Однажды оказавшись около антикварной лавки, она увидела то самое, что могло бы стать первым и самым достойным экземпляром будущей коллекции. На витрине стояла роскошная фарфоровая кукла — не китайская подделка и даже не европейский новодел. Подлинная, винтажная. Платье старинного покроя расшито бисером и оторочено кружевом ручной работы. Аня не могла наглядеться на миловидное личико молочного фарфора, а глаза влекли сиянием, как звезды, и затягивали, словно в омут. Она с трудом оторвалась от диковинки и взглянула на ценник.
Конечно, не как шедевры искусства, но цена была внушительная.
Вечером того же дня Аня намекнула о дорогом подарке, на тот момент еще настоящему, жениху. Он прокомментировал ее запросы обсценной лексикой. Аня обиделась, потом перестала обижаться, но перехотеть, как он советовал в переводе на литературный язык, у нее не получалось.
Кукла полностью завладела воображением.
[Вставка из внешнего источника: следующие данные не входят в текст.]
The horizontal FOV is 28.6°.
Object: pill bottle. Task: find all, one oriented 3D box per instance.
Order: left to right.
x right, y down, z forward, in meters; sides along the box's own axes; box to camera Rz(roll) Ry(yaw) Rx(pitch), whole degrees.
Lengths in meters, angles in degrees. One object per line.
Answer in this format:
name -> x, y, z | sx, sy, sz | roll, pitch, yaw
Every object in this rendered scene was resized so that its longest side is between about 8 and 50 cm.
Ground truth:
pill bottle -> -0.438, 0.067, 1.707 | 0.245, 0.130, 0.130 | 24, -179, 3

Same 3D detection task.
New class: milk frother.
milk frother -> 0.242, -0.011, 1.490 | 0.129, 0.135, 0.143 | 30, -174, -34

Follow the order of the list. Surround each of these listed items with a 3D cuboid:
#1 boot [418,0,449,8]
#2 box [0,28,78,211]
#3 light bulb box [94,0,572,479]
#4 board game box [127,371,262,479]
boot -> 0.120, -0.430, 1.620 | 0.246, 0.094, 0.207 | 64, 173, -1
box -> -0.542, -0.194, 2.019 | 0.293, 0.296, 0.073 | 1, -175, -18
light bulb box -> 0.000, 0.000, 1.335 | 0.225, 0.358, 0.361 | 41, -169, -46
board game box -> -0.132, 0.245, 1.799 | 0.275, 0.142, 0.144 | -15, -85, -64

Аня представляла, как красиво будет смотреться она на каминной полке, а со временем, когда коллекция расширится, Аня закажет стеклянную витрину. А может, вообще все обставит в стиле кукольной комнаты с игрушечной мебелью ручной работы. Она не пожалеет никаких денег, ведь ее куколка достойна самого лучшего.
Днем Аня тосковала по игрушке, как по близкому человеку. Ночью ее мучили кошмары: ожившая кукла рыдала в витрине, словно пленница в заточении. Она билась о стекло, колотила по нему фарфоровыми ручками до тех пор, пока от них не оставались одни осколки. Тогда она с размаху разбивала о витрину голову. Из трещины поперек кукольного личика потоками лилась кровь. Осколок отпадывал, открывая мозг. Глазное яблоко вываливалось, повисая на нитях тканей, нервов и сосудов.
Аня с криком просыпалась, долго сидела в постели, утирая слезы. Голова раскалывалась, и боль, казалось, выдавит наружу ее собственные глаза.
Она часто приходила полюбоваться на «свою куколку», разговаривала с ней: рассказывала, как хорошо будет дома, клялась стать лучшей хозяйкой.
Аня принялась копить деньги, стала экономить на всем: бросила курить, зависать в кофейнях, покупать обновки. Когда нужная сумма, наконец, накопилась, полная решимости, отправилась за покупкой. И как раз по пути встретилась с Мишей при известных уже обстоятельствах. «Это судьба! — подумала девушка. — Он не просто потерянный кошелек мне вернул. Он вернул мою мечту!»
Непринужденно болтая с новым приятным знакомым, вызвавшимся провожать «растеряшу», Аня направилась к магазину. На подходе почувствовала недоброе. Внутри словно зацепили крючком и потянули леску. Забыв про нерасторопного спутника, она ускорила шаг и подбежала к витрине. На месте изящной куклы стояли громоздкие чугунные часы Каслинского литья: хозяйка медной горы, восседала на каменном цветке и властно смотрела на Данилу-мастера.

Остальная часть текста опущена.